▶ WHAT YOU ARE ASKED TO DO
Examine the data line by line and report how many lines include the word "object", with no additional output.

▶ RECORDED INFORMATION
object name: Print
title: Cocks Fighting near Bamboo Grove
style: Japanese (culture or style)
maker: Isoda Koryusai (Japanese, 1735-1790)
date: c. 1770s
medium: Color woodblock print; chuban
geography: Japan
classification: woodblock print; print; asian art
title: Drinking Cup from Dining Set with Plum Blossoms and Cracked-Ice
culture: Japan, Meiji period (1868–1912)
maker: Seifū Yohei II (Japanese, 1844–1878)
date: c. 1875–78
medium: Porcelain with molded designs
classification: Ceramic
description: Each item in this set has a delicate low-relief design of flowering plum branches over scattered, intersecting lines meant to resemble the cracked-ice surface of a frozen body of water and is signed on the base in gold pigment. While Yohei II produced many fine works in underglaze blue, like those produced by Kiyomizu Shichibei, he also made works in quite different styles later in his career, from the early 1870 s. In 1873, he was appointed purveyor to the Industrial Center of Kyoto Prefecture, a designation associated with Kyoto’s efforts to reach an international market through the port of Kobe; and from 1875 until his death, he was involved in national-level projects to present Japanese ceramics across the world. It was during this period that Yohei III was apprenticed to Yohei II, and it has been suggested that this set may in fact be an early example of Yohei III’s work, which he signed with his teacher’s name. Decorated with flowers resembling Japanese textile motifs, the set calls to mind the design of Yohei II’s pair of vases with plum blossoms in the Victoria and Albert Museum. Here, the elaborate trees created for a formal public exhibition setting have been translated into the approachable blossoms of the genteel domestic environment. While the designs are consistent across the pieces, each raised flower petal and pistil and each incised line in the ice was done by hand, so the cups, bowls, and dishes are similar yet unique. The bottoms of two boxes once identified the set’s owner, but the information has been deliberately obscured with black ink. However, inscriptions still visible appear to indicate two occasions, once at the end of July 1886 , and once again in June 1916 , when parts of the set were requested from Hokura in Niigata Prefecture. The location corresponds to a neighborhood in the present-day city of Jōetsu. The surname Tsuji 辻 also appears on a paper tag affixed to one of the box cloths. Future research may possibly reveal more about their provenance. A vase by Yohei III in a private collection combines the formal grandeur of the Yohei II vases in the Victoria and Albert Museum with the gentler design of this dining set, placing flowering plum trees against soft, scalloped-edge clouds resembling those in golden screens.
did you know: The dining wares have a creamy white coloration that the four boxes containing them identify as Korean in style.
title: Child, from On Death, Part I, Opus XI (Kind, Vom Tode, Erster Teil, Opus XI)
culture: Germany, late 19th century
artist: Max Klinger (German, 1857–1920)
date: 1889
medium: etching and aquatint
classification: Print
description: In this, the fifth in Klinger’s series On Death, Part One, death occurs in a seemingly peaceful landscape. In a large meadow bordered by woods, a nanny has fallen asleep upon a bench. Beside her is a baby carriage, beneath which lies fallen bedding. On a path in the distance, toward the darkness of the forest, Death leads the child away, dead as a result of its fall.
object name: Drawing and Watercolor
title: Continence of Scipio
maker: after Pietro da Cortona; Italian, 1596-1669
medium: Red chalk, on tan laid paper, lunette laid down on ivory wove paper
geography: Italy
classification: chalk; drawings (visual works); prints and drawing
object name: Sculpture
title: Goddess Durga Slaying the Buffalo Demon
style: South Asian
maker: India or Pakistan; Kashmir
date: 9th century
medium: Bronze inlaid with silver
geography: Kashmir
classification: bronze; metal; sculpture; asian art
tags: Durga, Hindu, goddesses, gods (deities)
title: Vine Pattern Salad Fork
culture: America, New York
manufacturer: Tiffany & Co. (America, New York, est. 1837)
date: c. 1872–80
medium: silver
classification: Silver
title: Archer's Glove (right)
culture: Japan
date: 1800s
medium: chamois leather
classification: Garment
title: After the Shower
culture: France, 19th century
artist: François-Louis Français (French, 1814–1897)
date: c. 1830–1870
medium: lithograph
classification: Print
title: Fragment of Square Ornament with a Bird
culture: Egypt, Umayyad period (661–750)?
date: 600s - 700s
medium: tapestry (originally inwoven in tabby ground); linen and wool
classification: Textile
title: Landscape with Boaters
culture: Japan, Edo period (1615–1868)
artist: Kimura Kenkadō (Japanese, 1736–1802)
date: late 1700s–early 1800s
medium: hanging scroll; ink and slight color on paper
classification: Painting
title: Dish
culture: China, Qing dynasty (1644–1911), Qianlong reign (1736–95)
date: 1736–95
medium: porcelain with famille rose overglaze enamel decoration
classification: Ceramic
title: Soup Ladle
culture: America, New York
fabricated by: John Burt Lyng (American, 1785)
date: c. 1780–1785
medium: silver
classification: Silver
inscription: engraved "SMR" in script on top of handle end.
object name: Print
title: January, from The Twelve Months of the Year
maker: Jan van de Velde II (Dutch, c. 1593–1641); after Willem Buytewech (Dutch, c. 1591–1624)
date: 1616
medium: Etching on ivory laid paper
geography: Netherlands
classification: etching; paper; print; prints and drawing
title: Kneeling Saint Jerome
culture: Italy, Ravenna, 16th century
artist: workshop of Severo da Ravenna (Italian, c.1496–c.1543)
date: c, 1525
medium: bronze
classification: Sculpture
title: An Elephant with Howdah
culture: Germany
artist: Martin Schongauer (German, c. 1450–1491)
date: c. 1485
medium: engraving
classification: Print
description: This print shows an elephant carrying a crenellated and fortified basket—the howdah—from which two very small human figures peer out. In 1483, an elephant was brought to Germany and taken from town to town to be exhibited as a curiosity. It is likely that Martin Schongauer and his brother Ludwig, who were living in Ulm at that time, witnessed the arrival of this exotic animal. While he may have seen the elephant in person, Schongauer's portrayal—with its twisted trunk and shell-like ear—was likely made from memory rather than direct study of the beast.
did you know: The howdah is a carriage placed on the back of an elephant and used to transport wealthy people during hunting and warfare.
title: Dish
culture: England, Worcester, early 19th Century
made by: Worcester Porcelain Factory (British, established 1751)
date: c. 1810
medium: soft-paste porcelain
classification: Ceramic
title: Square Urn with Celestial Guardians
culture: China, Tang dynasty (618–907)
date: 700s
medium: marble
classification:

▶ SOLUTION TO THE EXERCISE
4